Background: The pharmacokinetic properties of remifentanil may allow a rapid analgesic action during painful procedures and short lasting postoperative respiratory depression.
Methods: We carried out a randomized, blind, study in 60 patients to compare remifentanil (continuous i.v. infusion starting at 0.025 micro g kg(-1) min(-1)) and sufentanil (i.v. doses of 0.15 micro g kg(-1)) during extra-corporeal shock wave lithotripsy (ESWL). Pain was assessed using a numerical pain scale (0-100), and pain relief was defined as a score < or =30. Respiratory depression was defined as a ventilatory frequency less than10 breaths min(-1) on two occasions or a peripheral oxygen saturation < or =92%, or administration of naloxone.
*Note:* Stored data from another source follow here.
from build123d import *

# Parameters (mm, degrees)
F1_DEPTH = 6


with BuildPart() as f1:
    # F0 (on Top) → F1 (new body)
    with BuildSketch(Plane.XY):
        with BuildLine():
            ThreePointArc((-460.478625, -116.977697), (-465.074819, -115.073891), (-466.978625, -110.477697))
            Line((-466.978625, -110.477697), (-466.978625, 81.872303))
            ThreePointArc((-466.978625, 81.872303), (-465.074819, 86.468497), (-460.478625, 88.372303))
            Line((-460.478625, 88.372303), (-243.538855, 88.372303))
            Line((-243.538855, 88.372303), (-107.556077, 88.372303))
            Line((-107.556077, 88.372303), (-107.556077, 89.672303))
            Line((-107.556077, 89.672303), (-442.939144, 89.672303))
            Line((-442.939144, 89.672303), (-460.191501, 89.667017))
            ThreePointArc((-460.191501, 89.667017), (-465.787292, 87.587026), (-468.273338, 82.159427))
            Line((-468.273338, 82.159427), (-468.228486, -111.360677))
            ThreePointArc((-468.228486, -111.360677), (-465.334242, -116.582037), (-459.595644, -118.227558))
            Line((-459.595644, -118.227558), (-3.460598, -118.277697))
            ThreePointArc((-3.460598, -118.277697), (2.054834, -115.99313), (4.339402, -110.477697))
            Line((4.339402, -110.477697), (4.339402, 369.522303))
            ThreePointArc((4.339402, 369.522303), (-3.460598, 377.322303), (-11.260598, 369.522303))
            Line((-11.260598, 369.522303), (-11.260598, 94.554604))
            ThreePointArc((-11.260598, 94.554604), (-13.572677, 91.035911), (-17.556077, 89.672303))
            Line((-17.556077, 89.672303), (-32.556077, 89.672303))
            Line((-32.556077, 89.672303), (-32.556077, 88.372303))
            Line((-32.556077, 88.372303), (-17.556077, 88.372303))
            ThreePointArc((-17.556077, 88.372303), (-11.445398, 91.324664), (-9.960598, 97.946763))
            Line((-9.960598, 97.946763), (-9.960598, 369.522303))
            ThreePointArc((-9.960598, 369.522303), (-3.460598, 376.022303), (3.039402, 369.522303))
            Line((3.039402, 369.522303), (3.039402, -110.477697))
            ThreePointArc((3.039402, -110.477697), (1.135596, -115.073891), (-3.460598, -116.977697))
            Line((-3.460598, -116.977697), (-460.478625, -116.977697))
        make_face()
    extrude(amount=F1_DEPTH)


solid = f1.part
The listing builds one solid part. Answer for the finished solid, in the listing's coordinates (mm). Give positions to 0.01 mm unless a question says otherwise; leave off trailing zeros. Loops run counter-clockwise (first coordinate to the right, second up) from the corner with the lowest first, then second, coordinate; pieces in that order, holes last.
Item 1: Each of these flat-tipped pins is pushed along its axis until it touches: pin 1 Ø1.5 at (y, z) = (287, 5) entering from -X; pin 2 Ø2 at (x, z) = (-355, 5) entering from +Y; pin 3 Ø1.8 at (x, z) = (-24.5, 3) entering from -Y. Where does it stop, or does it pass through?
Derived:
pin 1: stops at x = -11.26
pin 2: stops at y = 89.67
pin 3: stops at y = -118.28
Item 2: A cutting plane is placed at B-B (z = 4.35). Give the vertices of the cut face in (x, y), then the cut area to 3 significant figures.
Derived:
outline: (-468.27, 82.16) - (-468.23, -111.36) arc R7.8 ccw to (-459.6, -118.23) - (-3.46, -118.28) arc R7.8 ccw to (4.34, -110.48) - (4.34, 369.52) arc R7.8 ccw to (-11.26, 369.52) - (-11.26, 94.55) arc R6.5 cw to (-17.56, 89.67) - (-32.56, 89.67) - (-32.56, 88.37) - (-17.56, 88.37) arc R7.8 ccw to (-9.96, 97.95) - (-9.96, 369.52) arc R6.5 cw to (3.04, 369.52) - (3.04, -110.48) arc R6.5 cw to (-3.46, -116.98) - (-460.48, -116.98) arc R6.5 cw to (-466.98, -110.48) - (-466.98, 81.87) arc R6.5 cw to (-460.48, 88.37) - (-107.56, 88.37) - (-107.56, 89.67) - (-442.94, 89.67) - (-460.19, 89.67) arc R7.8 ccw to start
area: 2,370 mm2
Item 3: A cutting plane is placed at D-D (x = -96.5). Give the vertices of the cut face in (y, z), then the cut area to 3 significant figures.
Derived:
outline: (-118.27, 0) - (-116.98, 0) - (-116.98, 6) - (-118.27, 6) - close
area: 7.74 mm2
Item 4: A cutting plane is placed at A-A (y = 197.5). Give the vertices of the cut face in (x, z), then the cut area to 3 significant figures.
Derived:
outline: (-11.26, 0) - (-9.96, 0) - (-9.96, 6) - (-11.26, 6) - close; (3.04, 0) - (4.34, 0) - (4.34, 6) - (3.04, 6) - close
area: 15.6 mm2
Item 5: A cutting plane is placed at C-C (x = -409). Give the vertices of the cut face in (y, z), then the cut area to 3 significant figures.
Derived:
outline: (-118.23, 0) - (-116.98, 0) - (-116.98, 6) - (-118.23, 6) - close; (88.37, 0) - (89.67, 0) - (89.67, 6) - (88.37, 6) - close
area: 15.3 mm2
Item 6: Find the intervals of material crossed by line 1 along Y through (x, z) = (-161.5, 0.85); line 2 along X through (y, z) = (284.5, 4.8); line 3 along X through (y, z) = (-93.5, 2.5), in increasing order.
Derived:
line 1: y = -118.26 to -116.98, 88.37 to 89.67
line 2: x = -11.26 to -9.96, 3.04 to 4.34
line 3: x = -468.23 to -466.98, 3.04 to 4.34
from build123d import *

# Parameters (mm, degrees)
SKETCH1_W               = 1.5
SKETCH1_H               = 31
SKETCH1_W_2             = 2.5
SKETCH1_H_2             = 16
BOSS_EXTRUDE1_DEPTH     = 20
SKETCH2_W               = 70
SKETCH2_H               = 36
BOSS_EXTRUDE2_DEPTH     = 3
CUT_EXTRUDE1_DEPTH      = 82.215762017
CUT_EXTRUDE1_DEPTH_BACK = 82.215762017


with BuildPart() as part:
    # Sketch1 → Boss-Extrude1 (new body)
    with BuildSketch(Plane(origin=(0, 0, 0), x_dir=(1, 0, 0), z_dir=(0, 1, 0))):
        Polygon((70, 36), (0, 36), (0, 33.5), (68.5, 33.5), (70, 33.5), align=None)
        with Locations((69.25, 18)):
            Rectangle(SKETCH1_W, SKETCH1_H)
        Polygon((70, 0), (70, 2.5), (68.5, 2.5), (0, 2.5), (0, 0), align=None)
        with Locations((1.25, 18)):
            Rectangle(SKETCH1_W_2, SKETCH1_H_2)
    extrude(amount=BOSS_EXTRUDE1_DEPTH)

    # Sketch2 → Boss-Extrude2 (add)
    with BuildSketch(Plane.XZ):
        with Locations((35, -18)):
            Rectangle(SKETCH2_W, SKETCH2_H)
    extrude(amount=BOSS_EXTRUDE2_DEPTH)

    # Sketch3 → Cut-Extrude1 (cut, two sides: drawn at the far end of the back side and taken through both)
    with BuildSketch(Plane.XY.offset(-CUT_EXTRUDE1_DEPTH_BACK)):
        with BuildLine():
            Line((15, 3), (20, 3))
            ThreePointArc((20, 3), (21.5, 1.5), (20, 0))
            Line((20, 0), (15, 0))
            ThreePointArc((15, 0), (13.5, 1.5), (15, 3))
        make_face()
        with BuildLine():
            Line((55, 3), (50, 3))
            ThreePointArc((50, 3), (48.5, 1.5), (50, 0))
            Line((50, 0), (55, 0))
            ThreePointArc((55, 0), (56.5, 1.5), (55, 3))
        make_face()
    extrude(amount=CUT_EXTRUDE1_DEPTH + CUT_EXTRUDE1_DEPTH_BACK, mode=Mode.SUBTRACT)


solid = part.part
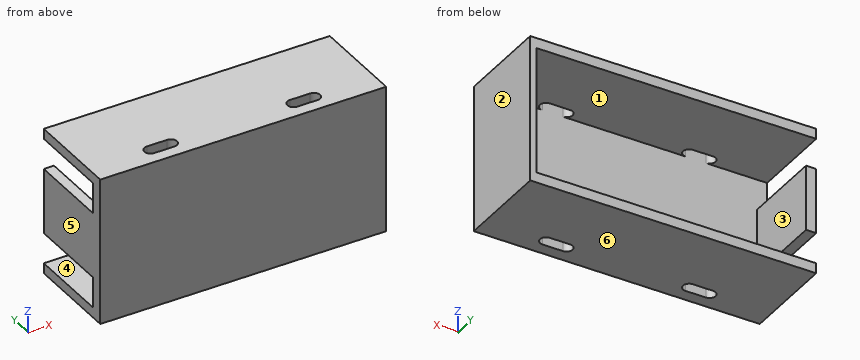
Here's how the part is built. I have some questions about the finished solid (model axes, mm). Face numbers are marked on the shaded views. A direction names the side the tool comes from. Coordinates: 2 decimals unless noted, no trailing zeros. Loops run counter-clockwise (first coordinate to the right, second up) from the corner with the lowest first, then second, coordinate; pieces in that order, holes last. Notation, with made-up numbers: (9, 87.5) -> (57, 87.5) arc R35 cw to (57, 121.5) -> close; hole circle Ø7 at (38, -27). An arc over 180 degrees is marked (long way). Use one line per item in the form item = value. Start each with the question number.
(1) If we section it at D-D (z = -4): Please give me the cut outline in (x, y).
(2) If we section it at C-C (x = 7): Please give me the cut outline in (y, z).
(3) We'd pull the mould along Z, two halves only. Please class the marked faces 4, 5 and 6: pulls with the +Z half, pulls with the -Z half, needs draft (parallel to the pull), parting line crosses it, or undercut.
(4) On a 3-axis mill with a long thin cutter (end or side, diameter ignored), from which of +Z, -Z, +X, -X, +Y, -Y can I reach the whole of each face in a straight line? I mean the marked faces 1, 2 and 3. Say none if no direction works.
(5) If we section it at A-A (y = 1.5): Please give me the cut outline in (x, z), then the cut area to 4 significant figures.
(6) If we section it at B-B (y = 18.25): Please give me the cut outline in (x, z), then the cut area to 4 significant figures.
(7) Please list where these lines run through material, in increasing order: line 1 along Z through (x, y) = (62, 14); line 2 along X through (y, z) = (1.5, -22.5); line 3 along Y through (x, z) = (49, -15).
(8) Will these pins go through, and if not, where does the flat tip stop? pin 1 (8 mm diameter, centred on x = 35.5, z = -13, fed in from +Y); pin 2 (3 mm diameter, centred on x = 1, y = 12.5, fed in from +Z); pin 3 (1 mm diameter, centred on y = 7, z = -27.5, fed in from -X).
Verdict:
q1.outline = (0, -3) -> (70, -3) -> (70, 20) -> (68.5, 20) -> (68.5, 0) -> (0, 0) -> close
q2.outline = (-3, -36) -> (20, -36) -> (20, -33.5) -> (0, -33.5) -> (0, -2.5) -> (20, -2.5) -> (20, 0) -> (-3, 0) -> close
q3.face_4 = undercut
q3.face_5 = needs draft
q3.face_6 = pulls with the -Z half
q4.face_1 = -X, +Y
q4.face_2 = +Z, -Z, +X, +Y, -Y
q4.face_3 = +Y
q5.outline = (0, -36) -> (13.5, -36) -> (13.5, -33.5) -> (0, -33.5) -> close; (0, -26) -> (2.5, -26) -> (2.5, -10) -> (0, -10) -> close; (0, -2.5) -> (13.5, -2.5) -> (13.5, 0) -> (0, 0) -> close; (21.5, -36) -> (48.5, -36) -> (48.5, -33.5) -> (21.5, -33.5) -> close; (21.5, -2.5) -> (48.5, -2.5) -> (48.5, 0) -> (21.5, 0) -> close; (56.5, -36) -> (70, -36) -> (70, 0) -> (56.5, 0) -> (56.5, -2.5) -> (68.5, -2.5) -> (68.5, -33.5) -> (56.5, -33.5) -> close
q5.area = 356.5 mm²
q6.outline = (0, -36) -> (70, -36) -> (70, 0) -> (0, 0) -> (0, -2.5) -> (68.5, -2.5) -> (68.5, -33.5) -> (0, -33.5) -> close; (0, -26) -> (2.5, -26) -> (2.5, -10) -> (0, -10) -> close
q6.area = 436.5 mm²
q7.line_1 = -36 to -33.5, -2.5 to 0
q7.line_2 = 0 to 2.5, 68.5 to 70
q7.line_3 = -3 to 0
q8.pin_1 = 0
q8.pin_2 = 0
q8.pin_3 = 68.5

Results: The quality of analgesia was similar in both groups, during and after ESWL. During ESWL, there was no significant difference in respiratory depression in the remifentanil and sufentanil groups (53 vs 73%, NS). The percentage of satisfied patients (73 vs 83%, NS) and satisfied surgeons (97 vs 100%, NS) did not significantly differ between groups. After the procedure patients given remifentanil had less respiratory depression (20 vs 53%, P<0.05) and less nausea and vomiting (3 vs 20%, P<0.05).
Conclusion: A continuous i.v. infusion of remifentanil provided comparable analgesia and caused less respiratory depression and nausea and vomiting than i.v. boluses of sufentanil in patients undergoing extra-corporeal shock wave lithotripsy.